Rate My Professor David Sprunger

David Sprunger is an Assistant Professor in the Department of Mathematical Sciences at Indiana State University. He earned his Ph.D. in Pure Mathematics from Indiana University in 2017, with supporting areas of emphasis in pure mathematics, under the supervision of Larry Moss. Earlier, he received a B.A. from Princeton University in 2011, majoring in pure mathematics. Following his doctoral work, Sprunger served as a Project Researcher at the ERATO MMSD project hosted by the National Institute of Informatics in Tokyo. There, he focused on extending formal methods and software verification techniques to cyber-physical systems, with applications to automotive control and manufacturing. His contributions included developing mathematical perspectives on machine learning and neural networks grounded in coalgebra and category theory, as well as quantitative refinements of bisimulation and other coalgebraically defined structures. Subsequently, he held a Research Fellow position in the Theory Group at the University of Birmingham, working on the EPSRC-funded project 'Nominal String Diagrams' with Dan Ghica, Fabio Zanasi, and Alexandra Silva.

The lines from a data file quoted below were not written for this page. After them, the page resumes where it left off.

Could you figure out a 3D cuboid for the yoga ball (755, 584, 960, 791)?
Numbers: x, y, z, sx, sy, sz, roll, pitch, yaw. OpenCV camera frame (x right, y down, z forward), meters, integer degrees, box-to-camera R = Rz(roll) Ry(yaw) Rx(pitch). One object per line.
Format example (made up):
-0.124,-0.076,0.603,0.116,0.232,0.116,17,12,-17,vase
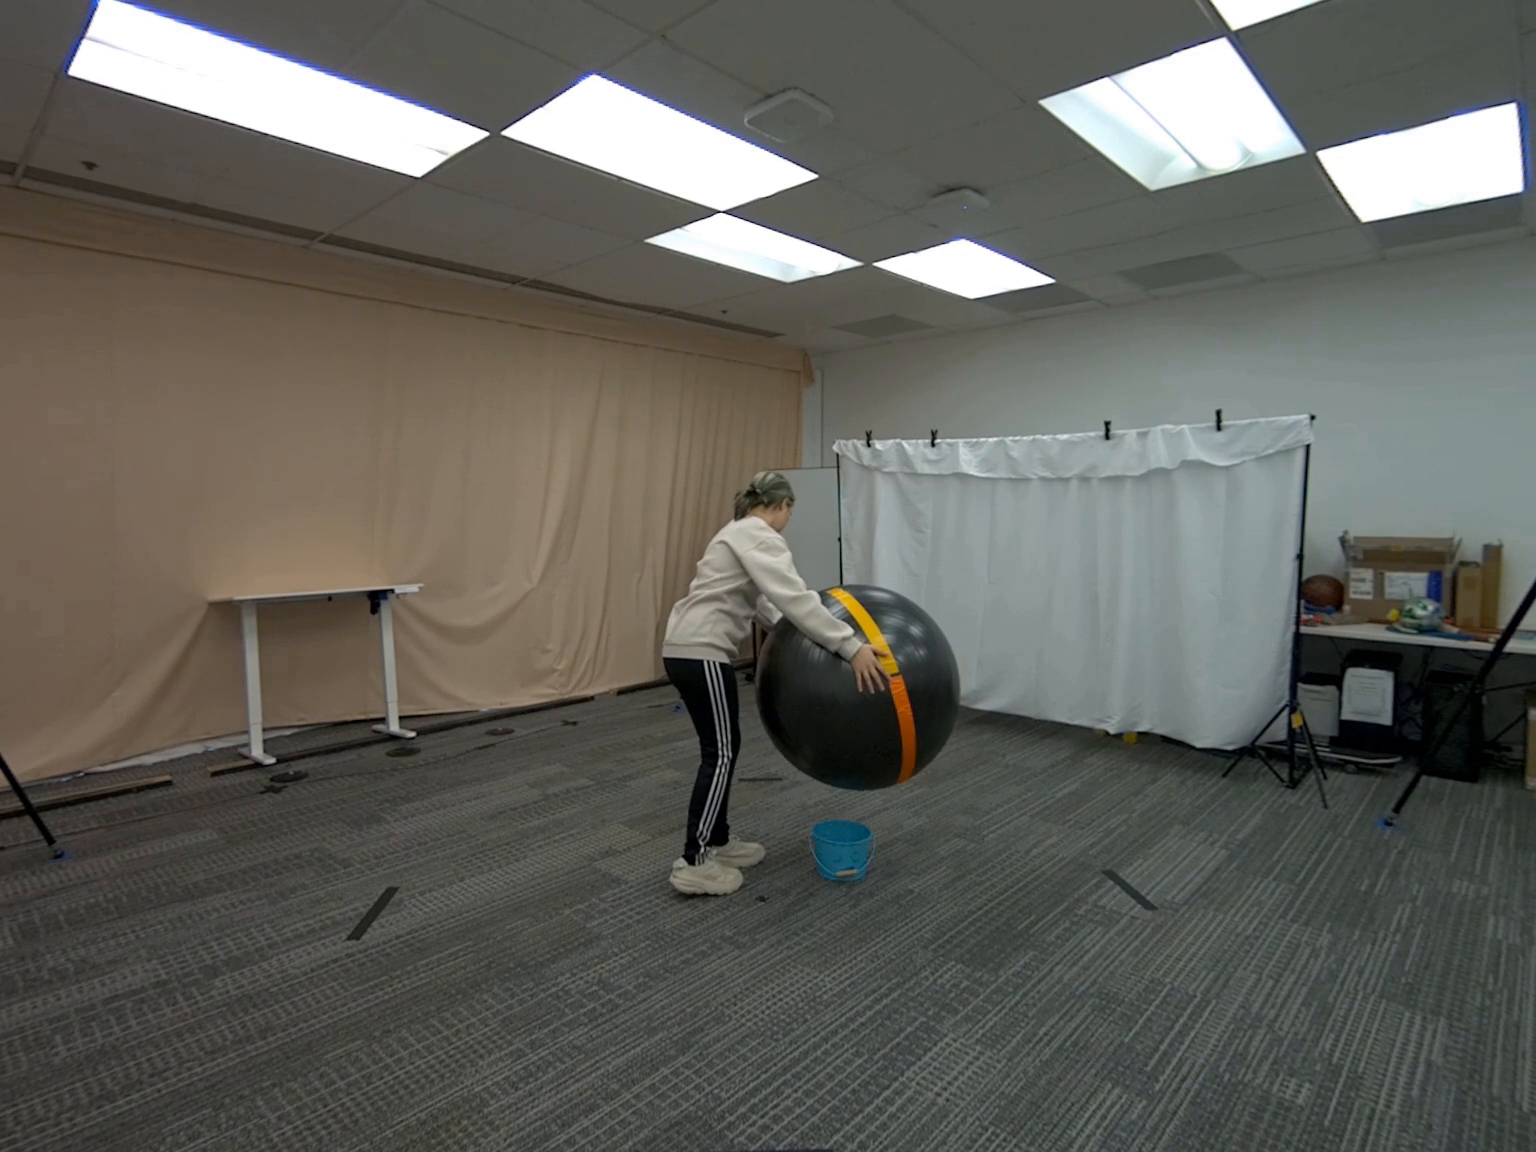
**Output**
0.341,0.420,3.165,0.757,0.756,0.761,0,4,-2,yoga ball
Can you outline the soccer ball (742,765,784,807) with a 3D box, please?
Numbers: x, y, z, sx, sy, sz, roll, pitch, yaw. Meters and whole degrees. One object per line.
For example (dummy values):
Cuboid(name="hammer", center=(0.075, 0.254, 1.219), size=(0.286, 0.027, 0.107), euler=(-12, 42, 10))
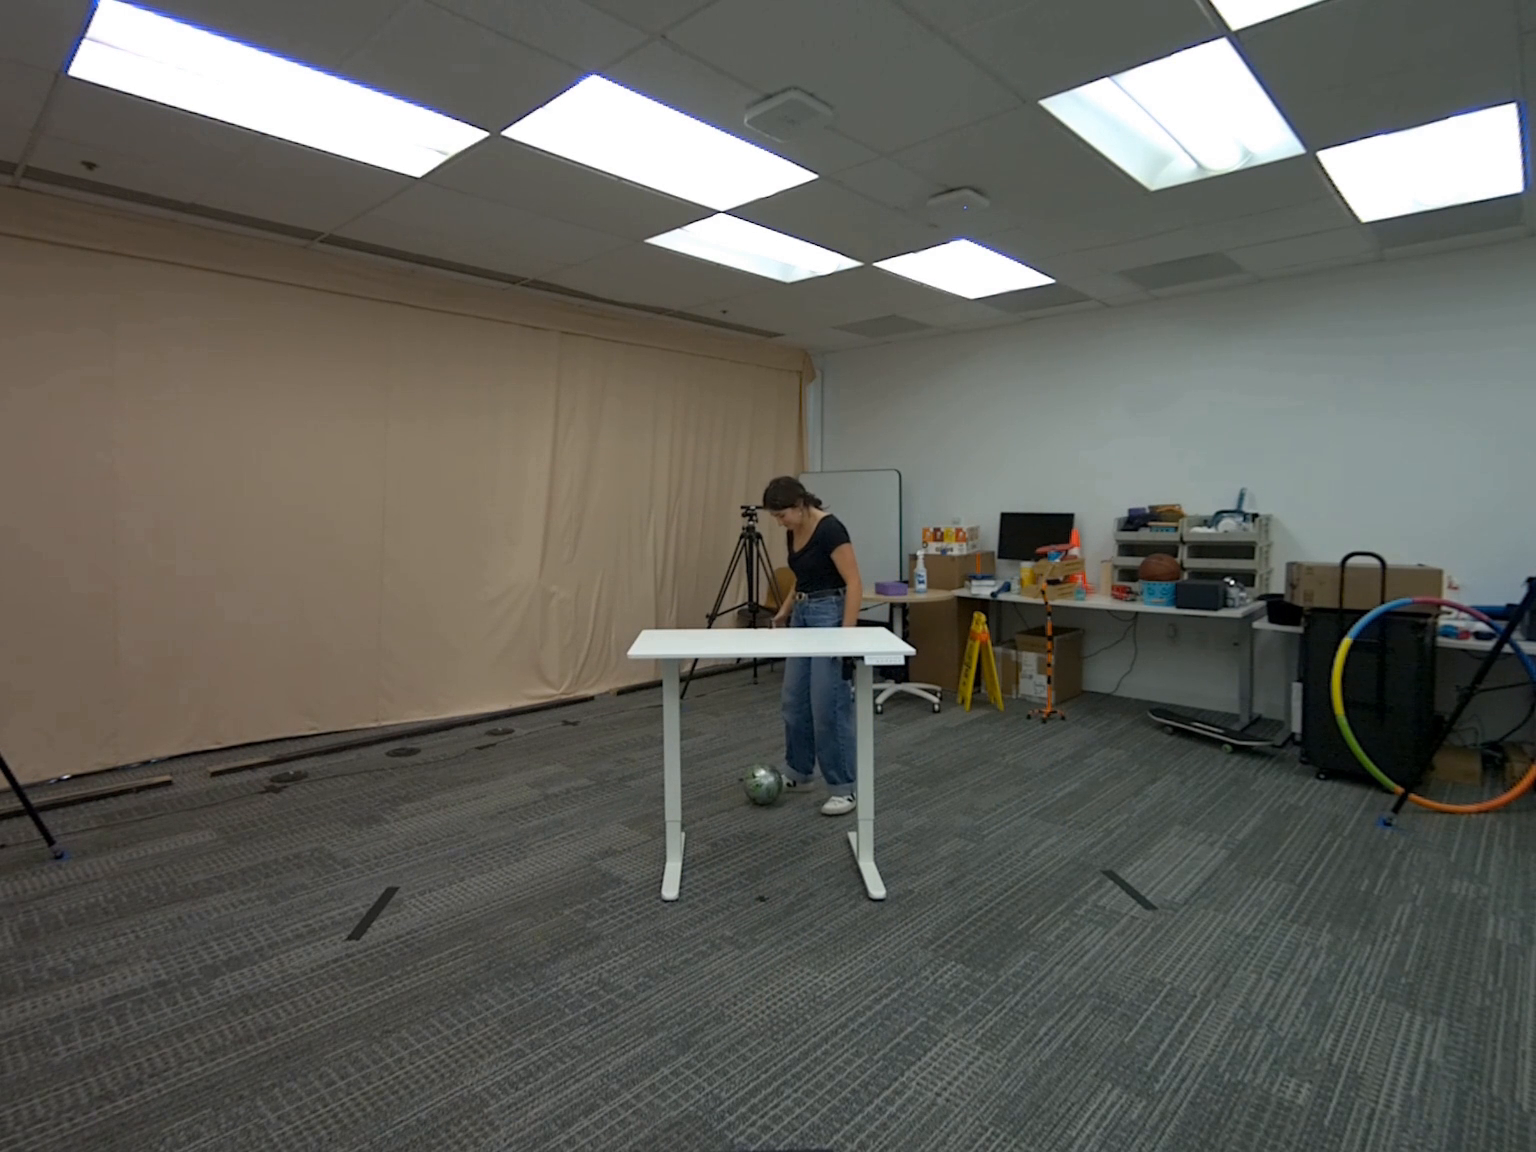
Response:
Cuboid(name="soccer ball", center=(-0.014, 0.983, 3.951), size=(0.187, 0.187, 0.188), euler=(0, 4, -2))

Sprunger's research specializations lie at the intersection of coalgebra, logic, and category theory, with interests in mathematical foundations for machine learning and neural networks, quantitative bisimulations, and formal methods for cyber-physical systems. His key publications include 'The differential calculus of causal functions' (with Bart Jacobs, 2019), 'Differentiable Causal Computations via Delayed Trace' (with Shin-ya Katsumata, LICS 2019), 'Relational Differential Dynamic Logic' (with Jérémy Dubut, Shin-ya Katsumata, Ichiro Hasuo, Juraj Kolčák, and Akihisa Yamada, 2019), 'Quantitative bisimulations using coreflections and open morphisms' (with Jérémy Dubut, Shin-ya Katsumata, and Ichiro Hasuo, 2018), 'Fibrational Bisimulations and Quantitative Reasoning' (with Jérémy Dubut, Shin-ya Katsumata, and Ichiro Hasuo, CMCS 2018), 'Neural Nets via Forward State Transformation and Backward Loss Transformation' (with Bart Jacobs, 2018), 'Precongruences and parametrized coinduction for logics for behavioral equivalence' (with Lawrence Moss, CALCO 2017), 'A complete logic for behavioural equivalence in coalgebras of finitary set functors' (CMCS 2016), and 'Eigenvalues and Transduction of Morphic Sequences' (with Lawrence Moss, William Tune, and Jörg Endrullis, DLT 2014). Additional works cover linearization of automatic arrays, weave specifications, and variadic sequences (MFPS 2013).